Atlas of pathophysiology, 2 Edition

Part II - Disorders

Endocrine Disorders

Cushing's syndrome

Cushing's syndrome is a cluster of clinical abnormalities caused by excessive adrenocortical hormones (particularly cortisol) or related corticosteroids and, to a lesser extent, androgens and aldosterone. Cushing's disease (adrenocorticotropin [ACTH] excess) accounts for about 70% of the cases of Cushing's syndrome.

Age Alert

Cushing's syndrome caused by ectopic corticotropin secretion is most common in adult men, with the peak incidence between ages 40 and 60. In 30% of patients, Cushing's syndrome results from a cortisol-secreting tumor. Adrenal tumors, rather than pituitary tumors, are more common in children, especially girls.


·   Pituitary hypersecretion of ACTH

·   Autonomous, ectopic ACTH secretion by a tumor outside the pituitary (usually malignant, frequently a pancreatic tumor or oat cell carcinoma of the lung)

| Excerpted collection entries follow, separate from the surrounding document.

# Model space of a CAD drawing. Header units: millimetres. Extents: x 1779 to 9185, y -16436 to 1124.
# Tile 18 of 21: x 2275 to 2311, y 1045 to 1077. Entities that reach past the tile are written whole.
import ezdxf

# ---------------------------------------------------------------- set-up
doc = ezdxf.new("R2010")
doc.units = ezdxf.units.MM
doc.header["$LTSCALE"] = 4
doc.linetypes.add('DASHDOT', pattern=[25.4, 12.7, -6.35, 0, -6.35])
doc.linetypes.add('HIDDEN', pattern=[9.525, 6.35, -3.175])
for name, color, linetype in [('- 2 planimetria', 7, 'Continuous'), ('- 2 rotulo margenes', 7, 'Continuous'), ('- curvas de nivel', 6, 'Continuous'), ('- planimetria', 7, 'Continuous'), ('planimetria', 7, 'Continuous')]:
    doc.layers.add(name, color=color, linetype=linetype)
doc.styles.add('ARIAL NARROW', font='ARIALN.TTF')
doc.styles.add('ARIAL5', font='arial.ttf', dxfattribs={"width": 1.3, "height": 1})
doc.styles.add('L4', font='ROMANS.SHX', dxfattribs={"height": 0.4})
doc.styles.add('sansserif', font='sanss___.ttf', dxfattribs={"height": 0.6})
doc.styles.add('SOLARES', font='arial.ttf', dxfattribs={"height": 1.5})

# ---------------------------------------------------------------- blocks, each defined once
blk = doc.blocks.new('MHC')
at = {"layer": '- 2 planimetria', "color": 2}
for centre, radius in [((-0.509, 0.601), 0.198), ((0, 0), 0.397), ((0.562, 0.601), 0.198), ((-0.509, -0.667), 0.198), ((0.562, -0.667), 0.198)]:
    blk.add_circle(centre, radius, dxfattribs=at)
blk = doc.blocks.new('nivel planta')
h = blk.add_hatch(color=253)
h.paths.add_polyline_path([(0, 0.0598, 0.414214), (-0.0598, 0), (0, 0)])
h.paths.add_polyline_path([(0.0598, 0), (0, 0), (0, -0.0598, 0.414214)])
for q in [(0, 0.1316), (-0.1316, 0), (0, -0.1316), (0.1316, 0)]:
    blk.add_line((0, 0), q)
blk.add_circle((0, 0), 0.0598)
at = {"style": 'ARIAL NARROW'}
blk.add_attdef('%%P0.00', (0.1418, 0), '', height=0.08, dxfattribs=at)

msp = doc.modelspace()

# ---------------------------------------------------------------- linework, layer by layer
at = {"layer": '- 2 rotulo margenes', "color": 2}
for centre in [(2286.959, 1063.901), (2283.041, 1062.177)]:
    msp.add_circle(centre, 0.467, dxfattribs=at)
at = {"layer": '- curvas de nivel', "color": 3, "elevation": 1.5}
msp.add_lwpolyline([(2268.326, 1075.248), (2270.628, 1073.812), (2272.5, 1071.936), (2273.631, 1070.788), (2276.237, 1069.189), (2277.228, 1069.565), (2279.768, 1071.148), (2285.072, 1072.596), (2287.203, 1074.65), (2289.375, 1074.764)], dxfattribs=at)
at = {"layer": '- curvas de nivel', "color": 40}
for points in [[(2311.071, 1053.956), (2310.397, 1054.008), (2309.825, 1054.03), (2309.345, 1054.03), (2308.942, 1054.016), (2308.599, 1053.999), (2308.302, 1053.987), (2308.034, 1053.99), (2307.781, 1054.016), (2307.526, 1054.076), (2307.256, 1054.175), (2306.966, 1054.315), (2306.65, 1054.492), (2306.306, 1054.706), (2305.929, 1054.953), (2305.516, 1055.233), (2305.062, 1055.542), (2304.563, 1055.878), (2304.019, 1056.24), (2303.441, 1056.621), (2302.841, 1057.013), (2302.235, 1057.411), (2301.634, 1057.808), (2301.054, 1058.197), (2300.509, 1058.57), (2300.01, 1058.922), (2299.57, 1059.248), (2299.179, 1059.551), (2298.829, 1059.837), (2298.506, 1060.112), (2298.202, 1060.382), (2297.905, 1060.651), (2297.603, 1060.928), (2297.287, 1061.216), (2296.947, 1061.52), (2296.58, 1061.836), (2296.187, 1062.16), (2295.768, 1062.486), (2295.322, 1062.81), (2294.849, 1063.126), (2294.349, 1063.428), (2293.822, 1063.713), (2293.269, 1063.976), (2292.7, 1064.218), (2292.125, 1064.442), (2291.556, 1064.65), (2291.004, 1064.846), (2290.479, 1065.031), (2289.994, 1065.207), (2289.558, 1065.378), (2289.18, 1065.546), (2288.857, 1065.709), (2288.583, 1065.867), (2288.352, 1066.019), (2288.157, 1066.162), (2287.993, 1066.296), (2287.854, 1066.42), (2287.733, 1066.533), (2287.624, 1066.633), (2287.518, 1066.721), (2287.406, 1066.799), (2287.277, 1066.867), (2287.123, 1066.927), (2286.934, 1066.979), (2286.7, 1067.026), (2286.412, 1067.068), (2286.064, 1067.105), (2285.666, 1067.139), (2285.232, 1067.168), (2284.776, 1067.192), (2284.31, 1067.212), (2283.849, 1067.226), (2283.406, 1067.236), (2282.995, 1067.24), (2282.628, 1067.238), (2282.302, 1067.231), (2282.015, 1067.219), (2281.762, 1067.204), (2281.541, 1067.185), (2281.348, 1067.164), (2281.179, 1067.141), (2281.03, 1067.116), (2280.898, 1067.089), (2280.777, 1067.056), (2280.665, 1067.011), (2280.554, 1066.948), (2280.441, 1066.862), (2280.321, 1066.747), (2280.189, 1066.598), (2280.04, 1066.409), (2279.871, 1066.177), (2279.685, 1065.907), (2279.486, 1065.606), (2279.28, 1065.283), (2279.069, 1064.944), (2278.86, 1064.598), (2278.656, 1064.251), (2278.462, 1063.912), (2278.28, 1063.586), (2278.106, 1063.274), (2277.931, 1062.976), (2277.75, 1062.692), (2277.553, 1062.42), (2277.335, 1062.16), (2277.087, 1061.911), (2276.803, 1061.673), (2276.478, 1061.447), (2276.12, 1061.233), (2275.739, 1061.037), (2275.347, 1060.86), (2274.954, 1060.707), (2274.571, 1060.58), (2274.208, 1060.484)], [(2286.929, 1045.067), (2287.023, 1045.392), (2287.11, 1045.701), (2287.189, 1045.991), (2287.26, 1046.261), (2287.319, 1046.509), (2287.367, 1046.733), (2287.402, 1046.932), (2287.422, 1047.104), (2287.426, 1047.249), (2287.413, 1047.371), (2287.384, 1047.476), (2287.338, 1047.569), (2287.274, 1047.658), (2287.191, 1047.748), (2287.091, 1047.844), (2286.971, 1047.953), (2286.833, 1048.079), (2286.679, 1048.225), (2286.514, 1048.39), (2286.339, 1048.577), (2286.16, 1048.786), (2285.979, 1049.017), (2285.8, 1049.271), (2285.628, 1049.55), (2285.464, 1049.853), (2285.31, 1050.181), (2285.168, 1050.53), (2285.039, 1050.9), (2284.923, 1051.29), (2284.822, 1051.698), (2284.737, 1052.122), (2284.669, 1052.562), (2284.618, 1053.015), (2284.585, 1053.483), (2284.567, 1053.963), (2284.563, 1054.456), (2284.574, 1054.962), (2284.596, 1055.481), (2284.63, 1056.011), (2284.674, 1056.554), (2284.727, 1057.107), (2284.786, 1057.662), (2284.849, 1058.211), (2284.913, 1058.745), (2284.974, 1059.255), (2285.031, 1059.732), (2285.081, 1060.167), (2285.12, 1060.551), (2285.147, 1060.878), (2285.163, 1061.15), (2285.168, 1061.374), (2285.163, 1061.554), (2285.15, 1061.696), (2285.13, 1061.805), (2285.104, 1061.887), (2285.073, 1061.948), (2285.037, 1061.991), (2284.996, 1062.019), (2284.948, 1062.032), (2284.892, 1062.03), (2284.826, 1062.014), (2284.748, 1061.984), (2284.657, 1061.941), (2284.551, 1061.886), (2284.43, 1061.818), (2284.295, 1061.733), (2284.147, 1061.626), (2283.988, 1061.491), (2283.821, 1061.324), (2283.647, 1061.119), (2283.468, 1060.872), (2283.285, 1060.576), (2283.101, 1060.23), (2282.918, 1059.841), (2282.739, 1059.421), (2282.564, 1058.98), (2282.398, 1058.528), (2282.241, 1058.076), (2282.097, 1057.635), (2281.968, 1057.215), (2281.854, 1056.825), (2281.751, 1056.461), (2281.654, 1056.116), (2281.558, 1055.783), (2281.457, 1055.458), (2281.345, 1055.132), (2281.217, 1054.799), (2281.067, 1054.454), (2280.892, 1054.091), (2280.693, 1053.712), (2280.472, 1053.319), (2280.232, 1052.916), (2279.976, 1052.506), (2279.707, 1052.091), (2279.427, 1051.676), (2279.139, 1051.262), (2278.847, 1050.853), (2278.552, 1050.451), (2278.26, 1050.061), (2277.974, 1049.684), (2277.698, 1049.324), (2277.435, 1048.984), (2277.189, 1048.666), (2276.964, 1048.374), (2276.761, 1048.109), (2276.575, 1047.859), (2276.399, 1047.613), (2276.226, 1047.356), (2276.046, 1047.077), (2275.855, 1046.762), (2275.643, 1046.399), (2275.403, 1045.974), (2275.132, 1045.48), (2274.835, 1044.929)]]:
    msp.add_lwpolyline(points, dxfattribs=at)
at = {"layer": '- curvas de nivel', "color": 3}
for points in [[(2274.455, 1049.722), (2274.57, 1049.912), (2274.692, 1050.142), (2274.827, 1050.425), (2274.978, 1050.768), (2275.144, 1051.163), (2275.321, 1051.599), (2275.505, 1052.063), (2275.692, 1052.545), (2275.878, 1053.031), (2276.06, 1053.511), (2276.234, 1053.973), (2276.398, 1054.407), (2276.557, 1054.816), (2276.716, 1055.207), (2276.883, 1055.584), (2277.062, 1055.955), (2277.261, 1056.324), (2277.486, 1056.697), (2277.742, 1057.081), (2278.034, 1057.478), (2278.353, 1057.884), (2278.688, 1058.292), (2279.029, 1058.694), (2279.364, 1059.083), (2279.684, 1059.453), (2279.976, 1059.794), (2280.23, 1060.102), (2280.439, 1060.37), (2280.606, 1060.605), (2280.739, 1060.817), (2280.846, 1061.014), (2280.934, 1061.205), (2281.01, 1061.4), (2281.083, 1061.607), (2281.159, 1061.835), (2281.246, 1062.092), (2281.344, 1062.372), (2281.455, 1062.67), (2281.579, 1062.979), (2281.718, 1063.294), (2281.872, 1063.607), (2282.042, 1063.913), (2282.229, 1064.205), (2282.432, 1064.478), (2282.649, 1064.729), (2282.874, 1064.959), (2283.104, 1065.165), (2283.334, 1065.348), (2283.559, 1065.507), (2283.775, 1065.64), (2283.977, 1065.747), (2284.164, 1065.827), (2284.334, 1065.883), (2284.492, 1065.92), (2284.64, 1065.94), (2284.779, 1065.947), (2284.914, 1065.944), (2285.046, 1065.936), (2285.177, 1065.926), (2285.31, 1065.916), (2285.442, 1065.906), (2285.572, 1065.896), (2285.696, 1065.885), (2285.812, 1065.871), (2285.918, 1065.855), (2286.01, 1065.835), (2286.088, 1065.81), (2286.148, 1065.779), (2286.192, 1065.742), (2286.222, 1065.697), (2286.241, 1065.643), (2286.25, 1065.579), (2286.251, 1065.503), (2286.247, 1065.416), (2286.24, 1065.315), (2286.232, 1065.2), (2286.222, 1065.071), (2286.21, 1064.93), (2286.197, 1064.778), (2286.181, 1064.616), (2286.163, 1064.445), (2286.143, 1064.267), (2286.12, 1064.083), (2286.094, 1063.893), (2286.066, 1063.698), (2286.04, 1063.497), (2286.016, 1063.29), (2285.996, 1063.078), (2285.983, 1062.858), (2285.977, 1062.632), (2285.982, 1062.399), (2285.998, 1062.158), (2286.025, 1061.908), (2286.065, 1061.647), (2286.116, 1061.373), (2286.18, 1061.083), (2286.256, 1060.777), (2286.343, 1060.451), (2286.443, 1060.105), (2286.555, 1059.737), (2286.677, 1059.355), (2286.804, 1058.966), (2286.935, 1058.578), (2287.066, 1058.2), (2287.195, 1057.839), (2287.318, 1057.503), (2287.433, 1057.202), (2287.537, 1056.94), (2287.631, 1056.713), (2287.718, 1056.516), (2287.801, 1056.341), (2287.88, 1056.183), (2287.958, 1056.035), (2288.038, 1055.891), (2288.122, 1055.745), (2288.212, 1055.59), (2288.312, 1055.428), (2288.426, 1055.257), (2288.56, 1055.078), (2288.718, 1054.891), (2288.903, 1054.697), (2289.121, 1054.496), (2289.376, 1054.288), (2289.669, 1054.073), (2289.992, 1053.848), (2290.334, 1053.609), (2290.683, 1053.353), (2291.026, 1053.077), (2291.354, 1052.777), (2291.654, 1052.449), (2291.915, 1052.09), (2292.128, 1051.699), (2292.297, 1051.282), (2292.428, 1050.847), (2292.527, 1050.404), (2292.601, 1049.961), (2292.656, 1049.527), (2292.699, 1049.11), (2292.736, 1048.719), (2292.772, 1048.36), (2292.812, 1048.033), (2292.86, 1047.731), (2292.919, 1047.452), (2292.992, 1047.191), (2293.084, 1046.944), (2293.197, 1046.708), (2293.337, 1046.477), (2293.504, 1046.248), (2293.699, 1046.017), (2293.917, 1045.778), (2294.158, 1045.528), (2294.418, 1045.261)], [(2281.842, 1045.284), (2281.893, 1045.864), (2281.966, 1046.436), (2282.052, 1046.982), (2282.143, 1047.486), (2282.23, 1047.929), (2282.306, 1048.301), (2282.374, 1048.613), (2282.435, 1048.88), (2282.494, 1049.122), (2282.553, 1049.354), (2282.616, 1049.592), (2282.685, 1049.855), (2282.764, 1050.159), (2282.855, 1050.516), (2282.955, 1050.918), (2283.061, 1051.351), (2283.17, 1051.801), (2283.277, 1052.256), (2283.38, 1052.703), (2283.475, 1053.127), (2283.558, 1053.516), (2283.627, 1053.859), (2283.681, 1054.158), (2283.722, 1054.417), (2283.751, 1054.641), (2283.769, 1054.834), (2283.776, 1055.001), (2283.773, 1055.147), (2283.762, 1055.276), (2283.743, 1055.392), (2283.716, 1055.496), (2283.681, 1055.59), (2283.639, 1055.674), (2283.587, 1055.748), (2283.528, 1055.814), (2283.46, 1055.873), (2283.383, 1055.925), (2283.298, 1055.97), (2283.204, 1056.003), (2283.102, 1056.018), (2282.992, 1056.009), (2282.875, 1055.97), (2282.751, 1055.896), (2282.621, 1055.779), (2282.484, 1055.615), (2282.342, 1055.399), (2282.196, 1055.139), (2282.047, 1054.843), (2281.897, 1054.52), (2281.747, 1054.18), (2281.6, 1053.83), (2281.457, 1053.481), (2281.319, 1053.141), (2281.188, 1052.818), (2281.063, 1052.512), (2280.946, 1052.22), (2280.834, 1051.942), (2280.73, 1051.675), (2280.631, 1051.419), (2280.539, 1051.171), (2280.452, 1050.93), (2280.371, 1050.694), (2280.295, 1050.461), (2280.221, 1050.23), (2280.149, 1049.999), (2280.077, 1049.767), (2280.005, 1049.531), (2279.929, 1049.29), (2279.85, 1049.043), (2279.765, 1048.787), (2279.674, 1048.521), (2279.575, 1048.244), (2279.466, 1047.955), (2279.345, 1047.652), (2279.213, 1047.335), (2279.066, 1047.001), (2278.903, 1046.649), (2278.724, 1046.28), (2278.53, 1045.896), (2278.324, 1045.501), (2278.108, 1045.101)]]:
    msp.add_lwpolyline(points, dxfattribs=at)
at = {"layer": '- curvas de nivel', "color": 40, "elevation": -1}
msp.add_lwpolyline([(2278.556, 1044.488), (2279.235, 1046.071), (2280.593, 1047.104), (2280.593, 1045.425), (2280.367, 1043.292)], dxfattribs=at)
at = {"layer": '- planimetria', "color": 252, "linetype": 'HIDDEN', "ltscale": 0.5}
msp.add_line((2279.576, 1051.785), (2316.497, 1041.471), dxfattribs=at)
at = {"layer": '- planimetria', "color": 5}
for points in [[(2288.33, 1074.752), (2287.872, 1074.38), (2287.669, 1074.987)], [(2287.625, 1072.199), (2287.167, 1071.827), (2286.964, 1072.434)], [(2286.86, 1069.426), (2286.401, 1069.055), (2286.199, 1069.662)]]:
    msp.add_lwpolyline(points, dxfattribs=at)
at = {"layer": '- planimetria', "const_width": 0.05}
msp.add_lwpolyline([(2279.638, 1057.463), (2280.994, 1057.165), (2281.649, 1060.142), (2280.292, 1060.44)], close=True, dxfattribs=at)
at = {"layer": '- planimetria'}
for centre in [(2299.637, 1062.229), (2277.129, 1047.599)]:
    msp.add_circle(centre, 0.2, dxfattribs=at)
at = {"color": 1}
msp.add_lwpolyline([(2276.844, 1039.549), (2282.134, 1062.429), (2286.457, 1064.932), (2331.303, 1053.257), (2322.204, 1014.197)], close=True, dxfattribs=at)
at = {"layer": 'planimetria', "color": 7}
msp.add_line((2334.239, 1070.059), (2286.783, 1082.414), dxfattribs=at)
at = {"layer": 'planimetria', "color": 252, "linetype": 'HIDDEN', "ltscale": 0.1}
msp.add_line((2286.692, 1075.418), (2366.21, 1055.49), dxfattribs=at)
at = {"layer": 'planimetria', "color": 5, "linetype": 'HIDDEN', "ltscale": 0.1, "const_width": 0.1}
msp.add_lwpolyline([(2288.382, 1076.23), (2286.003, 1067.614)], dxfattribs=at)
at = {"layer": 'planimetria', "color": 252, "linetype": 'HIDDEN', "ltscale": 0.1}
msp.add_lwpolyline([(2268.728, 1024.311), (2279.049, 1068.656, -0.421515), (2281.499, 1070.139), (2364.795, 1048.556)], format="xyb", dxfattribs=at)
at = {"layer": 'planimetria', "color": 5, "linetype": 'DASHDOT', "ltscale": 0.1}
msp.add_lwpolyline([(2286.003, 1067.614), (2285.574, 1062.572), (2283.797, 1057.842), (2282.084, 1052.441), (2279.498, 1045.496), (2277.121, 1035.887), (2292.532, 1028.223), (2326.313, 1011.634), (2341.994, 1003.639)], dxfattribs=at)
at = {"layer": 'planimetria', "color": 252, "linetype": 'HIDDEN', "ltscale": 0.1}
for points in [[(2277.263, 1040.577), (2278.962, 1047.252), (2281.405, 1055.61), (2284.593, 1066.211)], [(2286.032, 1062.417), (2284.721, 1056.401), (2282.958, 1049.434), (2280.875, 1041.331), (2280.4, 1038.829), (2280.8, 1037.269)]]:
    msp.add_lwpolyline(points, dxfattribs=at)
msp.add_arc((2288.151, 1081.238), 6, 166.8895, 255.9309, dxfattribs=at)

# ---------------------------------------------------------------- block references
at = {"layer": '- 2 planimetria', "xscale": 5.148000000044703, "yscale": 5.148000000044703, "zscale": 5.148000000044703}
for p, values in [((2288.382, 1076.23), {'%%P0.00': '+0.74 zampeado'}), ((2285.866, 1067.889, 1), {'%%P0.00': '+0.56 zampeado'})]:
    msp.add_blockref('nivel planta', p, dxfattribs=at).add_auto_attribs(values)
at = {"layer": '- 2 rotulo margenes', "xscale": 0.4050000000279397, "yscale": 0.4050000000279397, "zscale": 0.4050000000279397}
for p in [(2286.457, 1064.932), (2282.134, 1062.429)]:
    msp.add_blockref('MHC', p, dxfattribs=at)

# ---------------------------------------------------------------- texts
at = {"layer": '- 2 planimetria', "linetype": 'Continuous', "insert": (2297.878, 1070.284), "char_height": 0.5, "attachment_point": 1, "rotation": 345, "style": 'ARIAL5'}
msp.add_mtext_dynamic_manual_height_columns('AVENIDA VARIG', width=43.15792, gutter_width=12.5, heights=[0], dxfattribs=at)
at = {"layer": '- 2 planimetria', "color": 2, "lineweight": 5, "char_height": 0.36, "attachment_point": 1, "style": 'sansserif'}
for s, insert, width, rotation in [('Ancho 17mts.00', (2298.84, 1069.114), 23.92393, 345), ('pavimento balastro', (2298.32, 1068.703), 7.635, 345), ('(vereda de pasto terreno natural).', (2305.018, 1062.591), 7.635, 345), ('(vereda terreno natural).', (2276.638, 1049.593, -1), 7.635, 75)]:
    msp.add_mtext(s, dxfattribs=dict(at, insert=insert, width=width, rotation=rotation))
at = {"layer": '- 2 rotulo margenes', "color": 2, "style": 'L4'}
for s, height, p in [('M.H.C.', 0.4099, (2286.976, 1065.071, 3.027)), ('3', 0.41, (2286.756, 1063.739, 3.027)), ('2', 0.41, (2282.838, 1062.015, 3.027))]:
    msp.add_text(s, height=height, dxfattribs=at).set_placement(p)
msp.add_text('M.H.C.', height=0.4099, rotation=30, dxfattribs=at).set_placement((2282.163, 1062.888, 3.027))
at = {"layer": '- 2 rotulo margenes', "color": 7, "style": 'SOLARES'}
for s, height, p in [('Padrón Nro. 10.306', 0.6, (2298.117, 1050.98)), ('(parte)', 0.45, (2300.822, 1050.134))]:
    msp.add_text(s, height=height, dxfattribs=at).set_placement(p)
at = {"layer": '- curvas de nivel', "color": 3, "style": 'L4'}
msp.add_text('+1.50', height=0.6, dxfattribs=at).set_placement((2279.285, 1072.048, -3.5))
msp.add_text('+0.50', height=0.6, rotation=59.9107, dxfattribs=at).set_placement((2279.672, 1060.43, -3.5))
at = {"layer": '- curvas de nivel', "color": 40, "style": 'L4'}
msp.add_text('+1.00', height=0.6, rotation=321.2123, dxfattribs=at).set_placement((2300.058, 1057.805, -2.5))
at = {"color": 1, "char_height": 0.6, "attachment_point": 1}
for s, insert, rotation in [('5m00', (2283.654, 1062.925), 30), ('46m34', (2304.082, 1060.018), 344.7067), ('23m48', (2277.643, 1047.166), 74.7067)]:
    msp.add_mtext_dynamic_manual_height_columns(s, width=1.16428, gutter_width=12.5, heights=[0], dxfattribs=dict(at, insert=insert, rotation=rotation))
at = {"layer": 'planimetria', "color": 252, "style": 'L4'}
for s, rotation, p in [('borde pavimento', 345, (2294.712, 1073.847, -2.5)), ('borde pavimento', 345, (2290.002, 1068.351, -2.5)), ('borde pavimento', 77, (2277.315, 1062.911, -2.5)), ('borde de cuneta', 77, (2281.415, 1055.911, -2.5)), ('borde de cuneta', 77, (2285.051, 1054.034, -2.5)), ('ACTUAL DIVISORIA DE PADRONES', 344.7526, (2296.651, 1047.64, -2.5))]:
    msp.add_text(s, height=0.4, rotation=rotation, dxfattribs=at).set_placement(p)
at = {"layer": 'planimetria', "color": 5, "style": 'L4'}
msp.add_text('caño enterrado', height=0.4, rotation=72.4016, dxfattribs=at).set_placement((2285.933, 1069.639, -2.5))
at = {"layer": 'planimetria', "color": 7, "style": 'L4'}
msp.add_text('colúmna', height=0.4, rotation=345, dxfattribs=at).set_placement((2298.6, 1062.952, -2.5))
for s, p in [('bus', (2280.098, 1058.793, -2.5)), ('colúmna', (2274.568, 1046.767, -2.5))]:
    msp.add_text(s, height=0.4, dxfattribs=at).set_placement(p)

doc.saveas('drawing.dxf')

·   Administration of synthetic glucocorticoids or steroids


Cortisol excess results in anti-inflammatory effects and excessive catabolism of protein and peripheral fat to support hepatic glucose production. The mechanism may be ACTH-dependent, in which elevated plasma ACTH levels stimulate the adrenal cortex to produce excess cortisol, or ACTH-independent, in which excess cortisol is produced by the adrenal cortex or exogenously administered. This suppresses the hypothalamic-pituitary-adrenal axis, also present in ectopic ACTH-secreting tumors.

Signs and symptoms

·   Fat pads above the clavicles, over the upper back (buffalo hump), on the face (moon face), and throughout the trunk (truncal obesity); slender arms and legs

·   Increased susceptibility to infection; decreased resistance to stress

·   Hypertension, left ventricular hypertrophy, bleeding and ecchymosis, dyslipidemia

·   Increased androgen production—clitoral hypertrophy, mild virilism, hirsutism, and amenorrhea or oligomenorrhea in women; sexual dysfunction

·   Sodium and secondary fluid retention, increased potassium excretion, ureteral calculi

·   Irritability and emotional lability

·   Little or no scar formation; poor wound healing

·   Purple striae, facial plethora, acne

·   Muscle weakness

·   Pathologic fractures; skeletal growth retardation in children

Diagnostic test results

·   Laboratory studies reveal hyperglycemia, hypernatremia, glucosuria, hypokalemia, and metabolic acidosis; elevated urinary free cortisol levels; elevated salivary free cortisol; and elevated serum cortisol.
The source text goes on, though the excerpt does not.